Hassan Hajati has kept the tradition of Nowruz sweets alive in a city where the Iranian population is fast dwindling. Pics/Atul Kamble

My brother and I are more Parsi than Iranian, despite mixed but equal genes. But for one day every year, we'd switch gears, renewing our ties with the country our father left as a teenager to make a life in Mumbai. Our mother, a Parsi, was debilitated by language although high on enthusiasm. She gave up, I estimate, on Persian when she confused cherries ("gilas" in Farsi) with the English "glass", ending any hope of earning brownie points from her mother-in-law. She'd stand awkwardly but amiably as my father greeted guests around the sofreh, spraying them with rose water, and showing them their reflection in a table mirror—a way to reflect on the year gone by. A bite of baklava or a mouthful of walnut and ghesei (apricot) were followed by the double hug.

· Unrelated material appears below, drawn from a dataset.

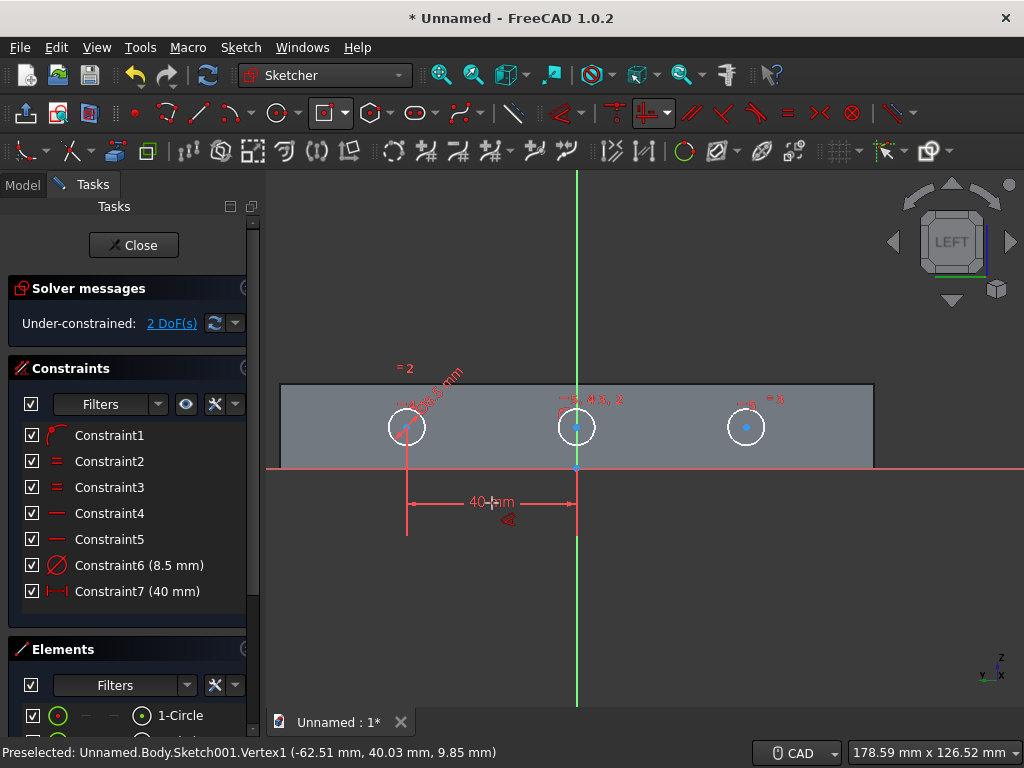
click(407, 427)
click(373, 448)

Nowruz ("new day") was centred at home around the sofreh, a table with an elaborate spread. It was a sort of thanksgiving punctum, stacked with everything that nature offers you, because the festival celebrates the onset of spring and the agricultural season after a long, trying winter. Although every home customises the "table" (ours veers towards dry fruit, wine, sweets and flowers), the spread must include seven items beginning with the Farsi letter for seen: Sabzeh (wheat or barley sprouts); sir (garlic); sib (apples); sumac (berries); serkeh (vinegar) samanu (wheat germ pudding) and senjed (dried fruit from lotus tree).